Activity
Show only those lines of the entries where the string "linetype" is found.
(Task input begins)
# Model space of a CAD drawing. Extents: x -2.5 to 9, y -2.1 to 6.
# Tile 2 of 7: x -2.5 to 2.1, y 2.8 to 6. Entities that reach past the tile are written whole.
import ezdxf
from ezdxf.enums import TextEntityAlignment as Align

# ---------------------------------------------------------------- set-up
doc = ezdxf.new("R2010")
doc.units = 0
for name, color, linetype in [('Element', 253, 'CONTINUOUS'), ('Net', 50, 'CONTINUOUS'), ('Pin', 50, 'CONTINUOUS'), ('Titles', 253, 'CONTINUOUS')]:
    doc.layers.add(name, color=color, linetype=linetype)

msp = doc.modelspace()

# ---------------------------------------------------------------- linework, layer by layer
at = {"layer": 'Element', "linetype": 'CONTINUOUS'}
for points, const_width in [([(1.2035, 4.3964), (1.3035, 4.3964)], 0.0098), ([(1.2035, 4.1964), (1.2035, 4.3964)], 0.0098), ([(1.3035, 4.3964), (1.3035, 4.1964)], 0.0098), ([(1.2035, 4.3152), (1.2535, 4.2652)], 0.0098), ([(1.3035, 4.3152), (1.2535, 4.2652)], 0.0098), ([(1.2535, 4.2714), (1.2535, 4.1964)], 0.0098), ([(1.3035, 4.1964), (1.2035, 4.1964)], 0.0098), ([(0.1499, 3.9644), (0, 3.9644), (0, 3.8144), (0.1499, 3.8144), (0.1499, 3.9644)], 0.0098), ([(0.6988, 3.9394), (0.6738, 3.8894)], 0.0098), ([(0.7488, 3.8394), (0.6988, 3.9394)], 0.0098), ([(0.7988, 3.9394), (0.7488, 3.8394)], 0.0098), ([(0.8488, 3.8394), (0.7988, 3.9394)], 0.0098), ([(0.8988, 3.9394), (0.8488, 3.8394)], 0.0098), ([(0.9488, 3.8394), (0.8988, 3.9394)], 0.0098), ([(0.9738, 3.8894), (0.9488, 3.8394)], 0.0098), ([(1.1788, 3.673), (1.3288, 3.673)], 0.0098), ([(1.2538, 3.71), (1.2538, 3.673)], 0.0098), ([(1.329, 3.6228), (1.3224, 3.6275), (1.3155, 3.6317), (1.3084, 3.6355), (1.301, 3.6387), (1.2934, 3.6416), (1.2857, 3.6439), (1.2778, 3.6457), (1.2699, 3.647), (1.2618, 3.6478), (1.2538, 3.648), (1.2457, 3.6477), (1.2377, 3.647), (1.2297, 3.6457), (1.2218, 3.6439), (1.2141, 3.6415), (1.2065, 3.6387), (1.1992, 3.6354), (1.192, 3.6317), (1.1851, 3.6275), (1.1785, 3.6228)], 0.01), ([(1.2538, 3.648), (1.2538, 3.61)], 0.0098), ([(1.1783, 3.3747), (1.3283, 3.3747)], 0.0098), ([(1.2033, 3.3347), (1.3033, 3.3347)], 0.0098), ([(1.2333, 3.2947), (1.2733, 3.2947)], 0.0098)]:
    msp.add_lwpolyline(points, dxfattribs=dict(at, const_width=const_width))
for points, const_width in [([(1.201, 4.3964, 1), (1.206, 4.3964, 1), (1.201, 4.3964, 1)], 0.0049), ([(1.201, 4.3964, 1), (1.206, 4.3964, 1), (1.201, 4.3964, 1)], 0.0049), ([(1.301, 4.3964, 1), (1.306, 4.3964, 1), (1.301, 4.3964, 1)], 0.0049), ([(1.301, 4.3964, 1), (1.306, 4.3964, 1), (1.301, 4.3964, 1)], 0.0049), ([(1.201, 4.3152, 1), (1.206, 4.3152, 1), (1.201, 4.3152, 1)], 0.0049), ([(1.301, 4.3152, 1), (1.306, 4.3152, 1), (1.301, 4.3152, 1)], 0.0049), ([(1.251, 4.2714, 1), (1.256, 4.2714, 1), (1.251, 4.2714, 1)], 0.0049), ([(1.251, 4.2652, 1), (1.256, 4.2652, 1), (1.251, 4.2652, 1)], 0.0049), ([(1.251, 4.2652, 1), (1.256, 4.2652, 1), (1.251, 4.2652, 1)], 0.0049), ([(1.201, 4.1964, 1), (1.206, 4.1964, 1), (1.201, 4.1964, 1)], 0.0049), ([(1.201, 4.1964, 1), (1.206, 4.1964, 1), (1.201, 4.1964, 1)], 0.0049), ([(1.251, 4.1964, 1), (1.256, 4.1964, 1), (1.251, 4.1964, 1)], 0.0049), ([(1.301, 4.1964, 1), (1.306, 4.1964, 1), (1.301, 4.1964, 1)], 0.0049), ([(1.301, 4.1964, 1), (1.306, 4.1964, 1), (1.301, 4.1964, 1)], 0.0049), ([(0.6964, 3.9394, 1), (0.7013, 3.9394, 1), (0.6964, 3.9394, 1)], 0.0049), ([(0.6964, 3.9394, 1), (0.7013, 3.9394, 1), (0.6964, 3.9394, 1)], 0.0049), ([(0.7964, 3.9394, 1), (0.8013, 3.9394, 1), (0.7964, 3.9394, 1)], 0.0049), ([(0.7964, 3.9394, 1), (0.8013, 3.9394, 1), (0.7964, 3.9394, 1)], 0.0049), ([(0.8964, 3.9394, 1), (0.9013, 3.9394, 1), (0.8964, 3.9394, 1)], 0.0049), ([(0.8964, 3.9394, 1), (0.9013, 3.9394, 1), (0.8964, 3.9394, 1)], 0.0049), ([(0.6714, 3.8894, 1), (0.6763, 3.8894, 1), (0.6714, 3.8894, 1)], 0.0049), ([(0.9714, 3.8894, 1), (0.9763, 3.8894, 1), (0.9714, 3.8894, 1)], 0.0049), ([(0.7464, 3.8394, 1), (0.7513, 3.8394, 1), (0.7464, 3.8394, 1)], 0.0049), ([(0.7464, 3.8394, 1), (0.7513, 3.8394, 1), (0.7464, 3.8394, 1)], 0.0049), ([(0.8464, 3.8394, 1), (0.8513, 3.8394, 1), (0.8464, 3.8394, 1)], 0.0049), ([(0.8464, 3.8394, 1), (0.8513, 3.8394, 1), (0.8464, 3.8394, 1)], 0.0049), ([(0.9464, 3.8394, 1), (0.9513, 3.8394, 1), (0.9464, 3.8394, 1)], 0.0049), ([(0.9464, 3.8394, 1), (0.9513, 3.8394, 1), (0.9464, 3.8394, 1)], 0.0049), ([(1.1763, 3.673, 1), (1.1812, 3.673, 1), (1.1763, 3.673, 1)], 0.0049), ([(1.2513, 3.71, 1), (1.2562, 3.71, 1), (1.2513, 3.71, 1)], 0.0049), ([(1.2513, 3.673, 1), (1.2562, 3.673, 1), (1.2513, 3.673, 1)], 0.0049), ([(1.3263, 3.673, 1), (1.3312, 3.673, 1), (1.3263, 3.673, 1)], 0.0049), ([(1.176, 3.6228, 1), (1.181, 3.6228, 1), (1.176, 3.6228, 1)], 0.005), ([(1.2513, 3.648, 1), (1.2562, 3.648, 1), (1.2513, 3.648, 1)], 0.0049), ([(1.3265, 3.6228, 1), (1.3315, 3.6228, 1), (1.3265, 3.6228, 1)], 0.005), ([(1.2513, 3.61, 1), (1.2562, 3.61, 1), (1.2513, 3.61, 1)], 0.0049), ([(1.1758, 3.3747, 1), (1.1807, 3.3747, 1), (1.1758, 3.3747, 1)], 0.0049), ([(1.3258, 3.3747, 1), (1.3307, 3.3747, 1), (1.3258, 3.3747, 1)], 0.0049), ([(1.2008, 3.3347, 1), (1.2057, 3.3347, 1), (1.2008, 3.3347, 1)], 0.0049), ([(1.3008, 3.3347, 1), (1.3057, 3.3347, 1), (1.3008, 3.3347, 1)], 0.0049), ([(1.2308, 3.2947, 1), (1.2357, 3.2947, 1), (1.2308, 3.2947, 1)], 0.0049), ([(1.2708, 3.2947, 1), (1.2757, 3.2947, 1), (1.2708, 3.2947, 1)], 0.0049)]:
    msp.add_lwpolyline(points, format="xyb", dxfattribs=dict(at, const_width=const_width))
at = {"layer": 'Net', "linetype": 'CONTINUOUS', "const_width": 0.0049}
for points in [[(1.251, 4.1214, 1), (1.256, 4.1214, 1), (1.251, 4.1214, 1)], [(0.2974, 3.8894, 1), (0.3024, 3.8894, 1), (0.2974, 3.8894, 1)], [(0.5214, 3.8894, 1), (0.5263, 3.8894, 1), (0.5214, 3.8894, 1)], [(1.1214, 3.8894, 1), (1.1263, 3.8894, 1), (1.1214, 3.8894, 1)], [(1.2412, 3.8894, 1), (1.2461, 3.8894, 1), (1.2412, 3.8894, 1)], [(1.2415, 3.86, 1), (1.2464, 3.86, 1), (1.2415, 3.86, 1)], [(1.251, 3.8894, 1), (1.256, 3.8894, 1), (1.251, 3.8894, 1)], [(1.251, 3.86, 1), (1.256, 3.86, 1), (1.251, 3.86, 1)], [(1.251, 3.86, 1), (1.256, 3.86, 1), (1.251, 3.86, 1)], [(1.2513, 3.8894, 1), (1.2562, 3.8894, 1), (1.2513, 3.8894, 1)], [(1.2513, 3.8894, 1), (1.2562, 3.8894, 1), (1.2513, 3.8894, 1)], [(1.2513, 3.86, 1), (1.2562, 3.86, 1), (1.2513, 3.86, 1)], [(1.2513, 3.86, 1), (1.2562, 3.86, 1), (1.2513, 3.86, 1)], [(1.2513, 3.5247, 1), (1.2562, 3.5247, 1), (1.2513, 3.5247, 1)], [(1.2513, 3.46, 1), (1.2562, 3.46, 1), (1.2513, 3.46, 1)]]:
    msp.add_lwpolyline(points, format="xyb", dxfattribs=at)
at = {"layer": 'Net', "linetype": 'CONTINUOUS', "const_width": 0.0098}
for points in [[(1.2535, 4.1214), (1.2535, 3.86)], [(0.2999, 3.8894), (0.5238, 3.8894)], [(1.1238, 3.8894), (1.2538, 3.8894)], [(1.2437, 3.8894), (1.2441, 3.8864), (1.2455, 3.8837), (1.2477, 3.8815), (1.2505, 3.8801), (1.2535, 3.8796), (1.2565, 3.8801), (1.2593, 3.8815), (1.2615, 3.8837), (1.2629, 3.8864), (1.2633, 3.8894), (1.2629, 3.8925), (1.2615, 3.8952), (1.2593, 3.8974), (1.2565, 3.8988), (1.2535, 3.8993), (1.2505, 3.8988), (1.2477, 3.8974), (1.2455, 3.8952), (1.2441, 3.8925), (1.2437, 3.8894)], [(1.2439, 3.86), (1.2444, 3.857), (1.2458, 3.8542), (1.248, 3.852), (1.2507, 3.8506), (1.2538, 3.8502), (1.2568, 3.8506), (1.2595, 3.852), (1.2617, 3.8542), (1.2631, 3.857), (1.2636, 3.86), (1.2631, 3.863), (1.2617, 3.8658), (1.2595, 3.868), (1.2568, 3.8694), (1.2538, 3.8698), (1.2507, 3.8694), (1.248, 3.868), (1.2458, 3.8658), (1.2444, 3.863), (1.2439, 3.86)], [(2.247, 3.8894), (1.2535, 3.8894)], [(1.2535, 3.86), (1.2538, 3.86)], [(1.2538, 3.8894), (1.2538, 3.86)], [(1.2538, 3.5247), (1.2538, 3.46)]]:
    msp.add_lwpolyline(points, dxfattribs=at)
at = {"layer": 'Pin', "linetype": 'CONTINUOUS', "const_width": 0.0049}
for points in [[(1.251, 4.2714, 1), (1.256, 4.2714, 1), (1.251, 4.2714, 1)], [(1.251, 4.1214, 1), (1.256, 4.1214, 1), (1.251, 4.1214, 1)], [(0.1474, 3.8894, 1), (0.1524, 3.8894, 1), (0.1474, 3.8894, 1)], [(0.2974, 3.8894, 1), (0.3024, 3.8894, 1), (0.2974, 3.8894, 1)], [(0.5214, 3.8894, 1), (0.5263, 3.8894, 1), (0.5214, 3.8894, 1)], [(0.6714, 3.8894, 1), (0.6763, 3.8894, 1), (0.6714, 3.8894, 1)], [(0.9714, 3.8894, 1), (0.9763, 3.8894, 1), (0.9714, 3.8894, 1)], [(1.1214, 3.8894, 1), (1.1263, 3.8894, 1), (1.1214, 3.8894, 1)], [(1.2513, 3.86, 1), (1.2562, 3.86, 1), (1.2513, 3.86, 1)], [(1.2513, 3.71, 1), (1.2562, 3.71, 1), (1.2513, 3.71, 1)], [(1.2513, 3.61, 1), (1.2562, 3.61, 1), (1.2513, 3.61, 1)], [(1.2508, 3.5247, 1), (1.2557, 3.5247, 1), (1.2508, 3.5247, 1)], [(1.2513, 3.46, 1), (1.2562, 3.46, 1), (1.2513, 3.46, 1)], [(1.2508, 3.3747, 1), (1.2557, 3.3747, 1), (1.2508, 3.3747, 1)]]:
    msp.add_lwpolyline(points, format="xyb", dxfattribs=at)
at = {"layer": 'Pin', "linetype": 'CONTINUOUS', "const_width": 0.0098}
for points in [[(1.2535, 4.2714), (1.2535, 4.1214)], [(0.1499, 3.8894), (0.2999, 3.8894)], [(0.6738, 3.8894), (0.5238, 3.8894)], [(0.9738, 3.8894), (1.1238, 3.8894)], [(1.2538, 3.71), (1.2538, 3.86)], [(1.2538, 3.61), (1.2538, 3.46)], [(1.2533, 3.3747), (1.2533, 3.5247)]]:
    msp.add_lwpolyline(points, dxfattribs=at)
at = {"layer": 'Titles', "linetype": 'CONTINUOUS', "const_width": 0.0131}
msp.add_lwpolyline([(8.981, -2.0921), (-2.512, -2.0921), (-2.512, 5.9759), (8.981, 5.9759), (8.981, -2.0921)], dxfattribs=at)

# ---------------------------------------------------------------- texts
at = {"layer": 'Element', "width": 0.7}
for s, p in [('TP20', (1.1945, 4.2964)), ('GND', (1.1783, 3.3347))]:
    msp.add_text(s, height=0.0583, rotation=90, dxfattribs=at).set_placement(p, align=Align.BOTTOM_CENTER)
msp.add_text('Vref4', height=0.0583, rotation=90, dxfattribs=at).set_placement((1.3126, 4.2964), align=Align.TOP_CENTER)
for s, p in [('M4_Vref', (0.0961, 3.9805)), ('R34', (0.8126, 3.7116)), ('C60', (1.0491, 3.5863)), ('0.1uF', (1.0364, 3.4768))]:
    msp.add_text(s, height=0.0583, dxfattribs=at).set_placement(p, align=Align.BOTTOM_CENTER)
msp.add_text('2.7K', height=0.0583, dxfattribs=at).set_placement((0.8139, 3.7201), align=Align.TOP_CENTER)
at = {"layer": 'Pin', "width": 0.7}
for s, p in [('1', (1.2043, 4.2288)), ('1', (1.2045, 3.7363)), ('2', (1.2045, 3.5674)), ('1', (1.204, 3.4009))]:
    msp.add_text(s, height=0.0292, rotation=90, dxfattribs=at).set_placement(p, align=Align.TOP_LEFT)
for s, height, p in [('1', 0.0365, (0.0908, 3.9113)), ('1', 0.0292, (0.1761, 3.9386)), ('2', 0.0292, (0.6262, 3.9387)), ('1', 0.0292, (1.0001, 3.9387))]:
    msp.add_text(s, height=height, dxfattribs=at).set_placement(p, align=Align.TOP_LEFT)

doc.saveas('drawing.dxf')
(Task input ends)
Solution to this problem
for name, color, linetype in [('Element', 253, 'CONTINUOUS'), ('Net', 50, 'CONTINUOUS'), ('Pin', 50, 'CONTINUOUS'), ('Titles', 253, 'CONTINUOUS')]:
    doc.layers.add(name, color=color, linetype=linetype)
at = {"layer": 'Element', "linetype": 'CONTINUOUS'}
at = {"layer": 'Net', "linetype": 'CONTINUOUS', "const_width": 0.0049}
at = {"layer": 'Net', "linetype": 'CONTINUOUS', "const_width": 0.0098}
at = {"layer": 'Pin', "linetype": 'CONTINUOUS', "const_width": 0.0049}
at = {"layer": 'Pin', "linetype": 'CONTINUOUS', "const_width": 0.0098}
at = {"layer": 'Titles', "linetype": 'CONTINUOUS', "const_width": 0.0131}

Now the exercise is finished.